Linux in the Trenches
I still remember the lone dollar prompt springing to life on the monitor of a lowly 80386sx in my office as it booted Linux for the first time. The appearance of that single dollar sign has proven to be possibly one of the most seminal moments in the history of the Roger Maris Cancer Center, and of my professional career. The birth of this free operating system in an environment previously dominated by commercial software was to have profound ramifications on both the quality and efficiency of the care our staff provides to our patients.
I had watched with interest the early announcements Linus made on the networks about a Unix clone he was writing called Linux. Consumed by work and development pressures, I did not allow myself the indulgence of playing around with the new offering for fear of engaging in yet another eternal timesink. Eventually, overcome by curiosity, I decided to take the plunge and investigate Linux. Our experiences have far exceeded our expectations; Linux certainly is a wonderful timesink...
The actual incentive and decision to move toward an free/open systems approach to our information processing needs occurred at a much earlier time. I had been recruited in 1988 to serve on a team whose goal was to develop a comprehensive cancer care facility. The only perk I asked for was an 80386-based computer, since my instincts told me that the advent of this microprocessor into the personal computer market was going to revolutionize desktop computing.
Our medical director, Dr. Paul Etzell, was intrigued by my request and wanted to know why I thought this. I told him, “Because it can multi-task and handle large amounts of memory the way it is supposed to.'' He was excited and told me that he had always dreamed of a specialized patient information system for his cancer center. Armed with this mandate, a 16Mhz 80386sx ALR, and a Xenix 2.3.3 development system we set out to design new solutions to problems in the delivery of outpatient cancer care. We deliver care that allows patients to have their treatment and still conduct a somewhat 'normal' lifestyle.
That was in 1988. The Roger Maris Cancer Center has now grown to be a major regional treatment and referral center. Medical care, chemotherapy, and radiation therapy are provided to approximately 125 patients with a diagnosis of either cancer or hematologic (blood) diseases each day. A total of 13 physicians deliver cancer care supported by a staff of approximately 100 people and 25 Linux workstations. The Cancer Center is a distinct service line of the MeritCare Medical Group which consists of approximately 250 physicians and 2000+ employees supporting one central clinic, a 400 bed hospital and 25 regional clinics. For everyone with aspirations for Linux in the commercial environment, we are about as commercial as things get.

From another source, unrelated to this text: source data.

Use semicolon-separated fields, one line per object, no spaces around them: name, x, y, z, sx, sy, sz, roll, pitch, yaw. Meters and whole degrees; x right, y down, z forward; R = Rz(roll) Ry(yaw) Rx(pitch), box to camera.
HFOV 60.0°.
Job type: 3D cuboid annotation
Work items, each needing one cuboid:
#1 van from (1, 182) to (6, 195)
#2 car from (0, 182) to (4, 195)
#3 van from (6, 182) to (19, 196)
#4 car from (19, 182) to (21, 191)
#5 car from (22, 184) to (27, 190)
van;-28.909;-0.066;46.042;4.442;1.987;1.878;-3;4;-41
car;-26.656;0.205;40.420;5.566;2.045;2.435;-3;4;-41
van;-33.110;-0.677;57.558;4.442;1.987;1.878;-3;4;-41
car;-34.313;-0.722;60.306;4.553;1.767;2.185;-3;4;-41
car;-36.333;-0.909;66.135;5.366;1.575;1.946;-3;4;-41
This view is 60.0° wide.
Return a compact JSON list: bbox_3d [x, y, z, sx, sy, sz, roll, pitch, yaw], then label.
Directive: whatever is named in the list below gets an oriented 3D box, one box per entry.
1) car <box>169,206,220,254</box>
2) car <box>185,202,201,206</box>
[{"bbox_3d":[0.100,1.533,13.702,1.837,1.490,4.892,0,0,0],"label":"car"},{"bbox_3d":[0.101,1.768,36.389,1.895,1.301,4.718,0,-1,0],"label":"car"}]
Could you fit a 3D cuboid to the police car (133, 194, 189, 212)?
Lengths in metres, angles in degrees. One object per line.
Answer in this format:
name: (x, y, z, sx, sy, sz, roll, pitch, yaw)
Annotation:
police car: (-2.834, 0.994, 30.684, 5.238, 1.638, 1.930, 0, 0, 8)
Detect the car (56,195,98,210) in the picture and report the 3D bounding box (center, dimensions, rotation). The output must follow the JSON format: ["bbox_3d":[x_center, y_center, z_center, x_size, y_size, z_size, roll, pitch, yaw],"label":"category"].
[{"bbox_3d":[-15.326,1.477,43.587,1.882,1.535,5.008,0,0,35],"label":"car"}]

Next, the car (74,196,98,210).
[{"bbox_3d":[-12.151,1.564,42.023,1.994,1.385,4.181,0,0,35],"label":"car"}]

When the first Linux dollar prompt appeared, our Cancer Center was not naive about free software. I had already ported a number of the GNU tools to Xenix in an attempt to produce a suitable development environment. By this time our Cancer Center was supported by two 33Mhz 80386dx's (Gateway-2000's), the ALR having been mercifully put to rest.
However, compared to compilers, editors and utilities, an operating system is a completely different beast. As I sat staring at the screen contemplating the fact that a machine that had been previously sentenced to MS-DOS was now quietly multi-tasking, I couldn't even believe what was in front of me. Could something that I had ftp'ed for free from some distant spot in Finland really be capable of playing a role in our development plans?
At our morning coffee I looked across the table at Dr. Etzell and quietly commented that I might have run across something that could have a profound impact on the Cancer Center.
Linux has had that profound impact because of the doors which it has opened for us. Our medical director, a true visionary, knew that the face of medicine would be radically changing. True to his prediction, the medical community in the United States is facing extreme pressure to deliver high-quality, cost-effective care. If our Cancer Center was to survive, let alone thrive in this environment it would be critical to innovate and adapt quickly. The reason that Linux has had such a profound impact is that it has provided us with the tools necessary for this evolutionary process.
It probably goes without saying that a decentralized system of peer-to-peer networked workstations was not the same vision that corporate data processing possessed for us. Based exclusively on centralized mainframe processing, the corporate wheels were turning toward network solutions, but a network whose main purpose was to deliver datastreams from mainframes to diskless workstations; expensive terminals connected by expensive wiring. Our vision was of independent workstations capable of functioning without network connections if need be, but also capable of utilizing networking to enjoy extreme synergism in their daily tasks.
If this was to be our gospel then it was up to Linux to preach it for us. The dichotomy in vision ensured that there would be no funds available for our work. Linux and free software provided the tools to implement our strategy in the absence of official support. With Xenix and no money for upgrades there was no potential for X-windows, and most importantly no money for the TCP/IP networking which was central to our development strategy.
This is not to say that Linux was a magical solution that revolutionized our method of patient care overnight. The first dollar prompt was actually from a bootdisk/rootdisk combination (I am dating myself here) that was version 0.95a (one of those really weird version numbers) in early 1992. At that point in its development Linux was far from the workstation contender that it now is. I developed application software furiously on the Xenix boxes while I nursed a stable Linux environment into existence. The bulk of our application code was in PERL/TeX/C which I knew would be available in only a matter of time on Linux.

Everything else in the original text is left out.